* Task item *
Lines before the one containing "Keep it short and to the point. 0.98." are left out; output the rest of the data exactly, through the final line.

* Listed records *
━━━━━━━━━━

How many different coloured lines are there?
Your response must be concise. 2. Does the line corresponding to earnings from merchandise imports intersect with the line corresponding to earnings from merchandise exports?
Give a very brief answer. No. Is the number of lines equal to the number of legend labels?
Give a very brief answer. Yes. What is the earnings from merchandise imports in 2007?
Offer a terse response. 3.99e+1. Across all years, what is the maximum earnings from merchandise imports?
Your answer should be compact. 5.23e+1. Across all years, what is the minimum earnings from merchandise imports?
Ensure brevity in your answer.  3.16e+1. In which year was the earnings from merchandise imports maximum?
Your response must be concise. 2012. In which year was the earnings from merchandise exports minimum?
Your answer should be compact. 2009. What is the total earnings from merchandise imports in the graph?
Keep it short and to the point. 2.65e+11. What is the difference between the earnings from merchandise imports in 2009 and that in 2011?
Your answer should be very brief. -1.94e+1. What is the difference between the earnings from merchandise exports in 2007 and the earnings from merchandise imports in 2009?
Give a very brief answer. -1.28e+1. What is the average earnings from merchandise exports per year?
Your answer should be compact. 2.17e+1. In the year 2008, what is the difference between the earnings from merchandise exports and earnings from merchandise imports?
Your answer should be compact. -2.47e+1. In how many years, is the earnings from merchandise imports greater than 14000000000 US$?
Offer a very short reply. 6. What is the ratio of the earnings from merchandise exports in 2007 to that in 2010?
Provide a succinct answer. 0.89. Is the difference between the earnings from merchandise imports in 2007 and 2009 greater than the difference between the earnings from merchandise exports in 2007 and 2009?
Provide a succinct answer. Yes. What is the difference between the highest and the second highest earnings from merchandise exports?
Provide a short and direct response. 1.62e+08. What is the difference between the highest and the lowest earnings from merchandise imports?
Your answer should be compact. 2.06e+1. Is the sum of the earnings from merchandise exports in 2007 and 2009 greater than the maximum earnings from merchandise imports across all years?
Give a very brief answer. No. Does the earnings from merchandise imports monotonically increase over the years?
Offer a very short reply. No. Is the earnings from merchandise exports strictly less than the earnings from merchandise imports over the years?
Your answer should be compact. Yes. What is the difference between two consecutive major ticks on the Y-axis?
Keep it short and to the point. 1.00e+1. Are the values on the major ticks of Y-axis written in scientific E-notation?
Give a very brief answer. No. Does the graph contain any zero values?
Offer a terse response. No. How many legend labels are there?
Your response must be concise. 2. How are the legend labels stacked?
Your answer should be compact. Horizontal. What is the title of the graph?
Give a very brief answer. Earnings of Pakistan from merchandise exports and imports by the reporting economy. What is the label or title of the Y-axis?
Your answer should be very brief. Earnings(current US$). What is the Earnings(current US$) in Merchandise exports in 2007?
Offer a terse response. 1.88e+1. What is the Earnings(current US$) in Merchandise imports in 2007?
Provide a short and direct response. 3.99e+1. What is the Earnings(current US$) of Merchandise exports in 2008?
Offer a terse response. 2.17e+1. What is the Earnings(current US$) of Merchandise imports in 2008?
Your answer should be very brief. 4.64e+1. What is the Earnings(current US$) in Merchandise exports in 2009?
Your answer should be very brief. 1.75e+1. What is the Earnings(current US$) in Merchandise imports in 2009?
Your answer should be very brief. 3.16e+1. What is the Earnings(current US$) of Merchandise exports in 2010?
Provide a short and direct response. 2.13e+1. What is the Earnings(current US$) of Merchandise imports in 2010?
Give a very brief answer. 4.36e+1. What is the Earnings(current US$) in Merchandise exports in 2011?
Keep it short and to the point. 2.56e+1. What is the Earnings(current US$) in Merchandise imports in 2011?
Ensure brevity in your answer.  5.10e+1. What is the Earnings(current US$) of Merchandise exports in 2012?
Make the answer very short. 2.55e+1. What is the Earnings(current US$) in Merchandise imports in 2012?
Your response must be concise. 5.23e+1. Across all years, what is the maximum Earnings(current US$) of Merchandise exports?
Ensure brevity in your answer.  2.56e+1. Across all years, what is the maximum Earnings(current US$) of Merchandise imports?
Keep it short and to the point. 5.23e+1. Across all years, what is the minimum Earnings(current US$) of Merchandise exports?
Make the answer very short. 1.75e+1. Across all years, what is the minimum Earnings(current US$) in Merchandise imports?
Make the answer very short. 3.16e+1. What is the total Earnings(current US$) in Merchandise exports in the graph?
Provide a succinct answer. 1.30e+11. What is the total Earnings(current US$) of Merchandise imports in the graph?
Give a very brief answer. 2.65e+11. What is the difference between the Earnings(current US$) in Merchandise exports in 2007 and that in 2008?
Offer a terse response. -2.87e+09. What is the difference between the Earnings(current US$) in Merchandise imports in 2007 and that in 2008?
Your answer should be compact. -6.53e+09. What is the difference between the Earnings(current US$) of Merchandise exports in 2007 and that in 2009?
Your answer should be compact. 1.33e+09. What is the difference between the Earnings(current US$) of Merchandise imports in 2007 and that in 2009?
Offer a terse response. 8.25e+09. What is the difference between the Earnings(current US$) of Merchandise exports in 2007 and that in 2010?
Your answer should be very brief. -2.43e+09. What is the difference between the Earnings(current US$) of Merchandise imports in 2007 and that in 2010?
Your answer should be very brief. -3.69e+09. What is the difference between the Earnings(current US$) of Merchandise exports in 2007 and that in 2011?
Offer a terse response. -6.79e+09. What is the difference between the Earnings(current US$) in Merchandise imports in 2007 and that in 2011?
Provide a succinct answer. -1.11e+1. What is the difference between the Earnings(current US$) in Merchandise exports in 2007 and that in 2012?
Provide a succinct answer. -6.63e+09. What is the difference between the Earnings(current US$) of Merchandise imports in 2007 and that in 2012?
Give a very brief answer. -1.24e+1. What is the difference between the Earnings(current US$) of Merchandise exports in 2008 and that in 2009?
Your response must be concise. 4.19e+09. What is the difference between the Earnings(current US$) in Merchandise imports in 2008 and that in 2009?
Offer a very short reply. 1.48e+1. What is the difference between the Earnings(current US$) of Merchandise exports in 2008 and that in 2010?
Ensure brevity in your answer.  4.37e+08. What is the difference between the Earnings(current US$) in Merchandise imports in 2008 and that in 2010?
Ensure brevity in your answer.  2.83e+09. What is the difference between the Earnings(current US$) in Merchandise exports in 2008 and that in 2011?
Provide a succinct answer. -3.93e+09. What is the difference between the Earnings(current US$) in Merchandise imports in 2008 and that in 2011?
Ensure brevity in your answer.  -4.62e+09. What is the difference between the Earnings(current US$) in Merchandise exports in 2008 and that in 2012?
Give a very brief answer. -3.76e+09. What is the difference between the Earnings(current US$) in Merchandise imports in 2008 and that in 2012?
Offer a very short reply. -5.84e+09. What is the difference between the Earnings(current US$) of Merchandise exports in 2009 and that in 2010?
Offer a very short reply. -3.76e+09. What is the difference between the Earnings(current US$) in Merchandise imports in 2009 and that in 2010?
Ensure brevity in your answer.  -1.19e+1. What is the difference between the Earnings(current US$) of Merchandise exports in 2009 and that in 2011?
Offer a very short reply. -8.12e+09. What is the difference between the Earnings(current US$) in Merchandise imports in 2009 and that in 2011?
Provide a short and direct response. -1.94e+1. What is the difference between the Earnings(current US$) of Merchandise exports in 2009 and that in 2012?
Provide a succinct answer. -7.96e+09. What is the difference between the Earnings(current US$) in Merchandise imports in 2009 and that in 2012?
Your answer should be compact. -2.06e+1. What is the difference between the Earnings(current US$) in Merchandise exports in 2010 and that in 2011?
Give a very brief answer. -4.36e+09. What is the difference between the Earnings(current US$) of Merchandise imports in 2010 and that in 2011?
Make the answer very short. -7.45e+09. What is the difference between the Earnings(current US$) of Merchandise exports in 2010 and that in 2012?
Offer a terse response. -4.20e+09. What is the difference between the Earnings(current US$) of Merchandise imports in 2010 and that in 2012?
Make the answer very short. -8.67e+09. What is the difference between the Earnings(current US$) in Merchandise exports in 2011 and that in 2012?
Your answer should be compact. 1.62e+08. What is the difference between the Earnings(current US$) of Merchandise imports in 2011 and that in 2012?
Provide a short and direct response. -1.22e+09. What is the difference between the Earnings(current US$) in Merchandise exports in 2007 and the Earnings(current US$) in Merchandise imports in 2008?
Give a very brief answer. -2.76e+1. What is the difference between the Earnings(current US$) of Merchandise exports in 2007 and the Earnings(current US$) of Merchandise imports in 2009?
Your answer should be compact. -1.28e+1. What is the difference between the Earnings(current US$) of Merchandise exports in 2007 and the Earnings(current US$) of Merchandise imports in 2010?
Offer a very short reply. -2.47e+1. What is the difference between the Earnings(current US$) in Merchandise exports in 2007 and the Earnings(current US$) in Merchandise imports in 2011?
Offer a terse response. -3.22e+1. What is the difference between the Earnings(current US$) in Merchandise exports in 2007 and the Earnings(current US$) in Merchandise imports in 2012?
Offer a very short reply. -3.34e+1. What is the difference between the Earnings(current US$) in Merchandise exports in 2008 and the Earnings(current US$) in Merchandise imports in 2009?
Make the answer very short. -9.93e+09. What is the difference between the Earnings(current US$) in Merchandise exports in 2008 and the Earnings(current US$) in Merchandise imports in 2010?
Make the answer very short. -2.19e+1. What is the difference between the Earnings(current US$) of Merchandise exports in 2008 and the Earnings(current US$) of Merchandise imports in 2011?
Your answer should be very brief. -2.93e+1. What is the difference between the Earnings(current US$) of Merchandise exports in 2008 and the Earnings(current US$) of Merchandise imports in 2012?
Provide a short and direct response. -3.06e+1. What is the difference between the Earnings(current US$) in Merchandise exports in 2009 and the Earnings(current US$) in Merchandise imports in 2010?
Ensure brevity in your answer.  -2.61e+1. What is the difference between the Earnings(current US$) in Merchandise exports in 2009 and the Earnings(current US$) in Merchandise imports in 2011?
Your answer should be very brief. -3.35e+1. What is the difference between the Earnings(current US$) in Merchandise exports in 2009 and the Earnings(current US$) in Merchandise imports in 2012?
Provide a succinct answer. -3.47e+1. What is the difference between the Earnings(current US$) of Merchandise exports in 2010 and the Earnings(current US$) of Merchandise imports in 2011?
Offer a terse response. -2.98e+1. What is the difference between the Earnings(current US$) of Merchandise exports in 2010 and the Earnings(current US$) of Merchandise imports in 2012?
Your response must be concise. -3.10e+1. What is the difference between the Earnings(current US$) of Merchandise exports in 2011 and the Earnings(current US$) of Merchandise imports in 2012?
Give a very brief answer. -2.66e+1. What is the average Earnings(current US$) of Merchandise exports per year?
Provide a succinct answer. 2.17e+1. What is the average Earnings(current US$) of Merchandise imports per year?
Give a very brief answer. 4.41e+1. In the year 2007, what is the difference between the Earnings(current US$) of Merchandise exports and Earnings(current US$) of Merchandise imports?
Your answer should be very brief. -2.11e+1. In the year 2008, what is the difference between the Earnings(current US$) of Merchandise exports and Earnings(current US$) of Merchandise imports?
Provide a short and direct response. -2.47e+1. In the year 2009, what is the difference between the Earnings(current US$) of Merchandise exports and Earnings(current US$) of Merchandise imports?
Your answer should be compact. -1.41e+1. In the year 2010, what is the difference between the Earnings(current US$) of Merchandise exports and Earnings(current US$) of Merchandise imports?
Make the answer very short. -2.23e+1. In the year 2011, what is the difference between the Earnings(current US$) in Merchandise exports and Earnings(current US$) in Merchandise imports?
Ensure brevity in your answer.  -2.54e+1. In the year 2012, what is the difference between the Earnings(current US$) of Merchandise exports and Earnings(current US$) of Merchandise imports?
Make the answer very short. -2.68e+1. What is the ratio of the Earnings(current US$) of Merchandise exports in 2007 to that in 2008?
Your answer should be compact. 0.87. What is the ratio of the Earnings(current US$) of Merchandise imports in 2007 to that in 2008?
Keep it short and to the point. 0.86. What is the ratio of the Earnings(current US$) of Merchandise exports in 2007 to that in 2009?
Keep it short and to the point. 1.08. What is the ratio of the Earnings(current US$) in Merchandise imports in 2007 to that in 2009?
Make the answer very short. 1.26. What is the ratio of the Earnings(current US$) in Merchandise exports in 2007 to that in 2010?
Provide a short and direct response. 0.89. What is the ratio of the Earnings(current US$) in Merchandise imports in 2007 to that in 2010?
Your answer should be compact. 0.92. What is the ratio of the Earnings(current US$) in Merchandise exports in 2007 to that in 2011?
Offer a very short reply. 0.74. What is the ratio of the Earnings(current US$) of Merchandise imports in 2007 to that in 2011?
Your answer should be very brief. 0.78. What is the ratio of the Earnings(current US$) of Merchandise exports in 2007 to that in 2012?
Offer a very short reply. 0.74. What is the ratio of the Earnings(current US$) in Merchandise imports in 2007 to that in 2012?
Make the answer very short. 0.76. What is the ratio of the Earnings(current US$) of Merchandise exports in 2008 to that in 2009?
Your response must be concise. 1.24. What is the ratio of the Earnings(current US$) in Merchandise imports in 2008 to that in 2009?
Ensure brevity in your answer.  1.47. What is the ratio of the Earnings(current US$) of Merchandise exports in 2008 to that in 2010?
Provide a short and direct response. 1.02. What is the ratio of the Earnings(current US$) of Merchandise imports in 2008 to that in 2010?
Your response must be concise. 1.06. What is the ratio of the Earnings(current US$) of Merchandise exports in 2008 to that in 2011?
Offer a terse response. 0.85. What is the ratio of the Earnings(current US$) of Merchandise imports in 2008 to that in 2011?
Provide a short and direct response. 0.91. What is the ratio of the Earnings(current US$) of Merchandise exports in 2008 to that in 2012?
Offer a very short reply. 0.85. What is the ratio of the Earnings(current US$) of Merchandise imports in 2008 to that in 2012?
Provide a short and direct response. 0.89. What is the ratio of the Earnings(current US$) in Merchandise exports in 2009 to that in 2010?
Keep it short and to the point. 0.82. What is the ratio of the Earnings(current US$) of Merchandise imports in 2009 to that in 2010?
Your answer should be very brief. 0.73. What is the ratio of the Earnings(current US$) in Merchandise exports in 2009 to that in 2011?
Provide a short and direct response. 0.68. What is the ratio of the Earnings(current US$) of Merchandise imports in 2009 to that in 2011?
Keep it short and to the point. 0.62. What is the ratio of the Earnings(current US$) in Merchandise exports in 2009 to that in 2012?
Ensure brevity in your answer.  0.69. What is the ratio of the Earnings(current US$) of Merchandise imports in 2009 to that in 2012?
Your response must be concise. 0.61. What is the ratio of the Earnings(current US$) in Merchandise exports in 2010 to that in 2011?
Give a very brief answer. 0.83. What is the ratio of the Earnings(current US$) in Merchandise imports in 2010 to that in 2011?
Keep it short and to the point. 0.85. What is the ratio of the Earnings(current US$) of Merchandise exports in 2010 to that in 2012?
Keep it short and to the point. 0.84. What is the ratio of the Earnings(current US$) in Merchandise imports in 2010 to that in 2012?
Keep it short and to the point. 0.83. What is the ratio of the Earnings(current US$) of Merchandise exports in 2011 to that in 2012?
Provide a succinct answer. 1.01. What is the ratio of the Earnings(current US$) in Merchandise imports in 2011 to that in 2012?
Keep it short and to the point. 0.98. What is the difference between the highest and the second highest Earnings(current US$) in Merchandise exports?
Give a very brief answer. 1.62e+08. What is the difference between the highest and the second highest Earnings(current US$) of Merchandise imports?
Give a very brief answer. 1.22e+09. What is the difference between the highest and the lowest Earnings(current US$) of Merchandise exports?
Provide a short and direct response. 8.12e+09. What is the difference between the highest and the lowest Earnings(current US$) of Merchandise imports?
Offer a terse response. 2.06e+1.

━━━━━━━━━━

* Reply *
Keep it short and to the point. 0.98. What is the difference between the highest and the second highest Earnings(current US$) in Merchandise exports?
Give a very brief answer. 1.62e+08. What is the difference between the highest and the second highest Earnings(current US$) of Merchandise imports?
Give a very brief answer. 1.22e+09. What is the difference between the highest and the lowest Earnings(current US$) of Merchandise exports?
Provide a short and direct response. 8.12e+09. What is the difference between the highest and the lowest Earnings(current US$) of Merchandise imports?
Offer a terse response. 2.06e+1.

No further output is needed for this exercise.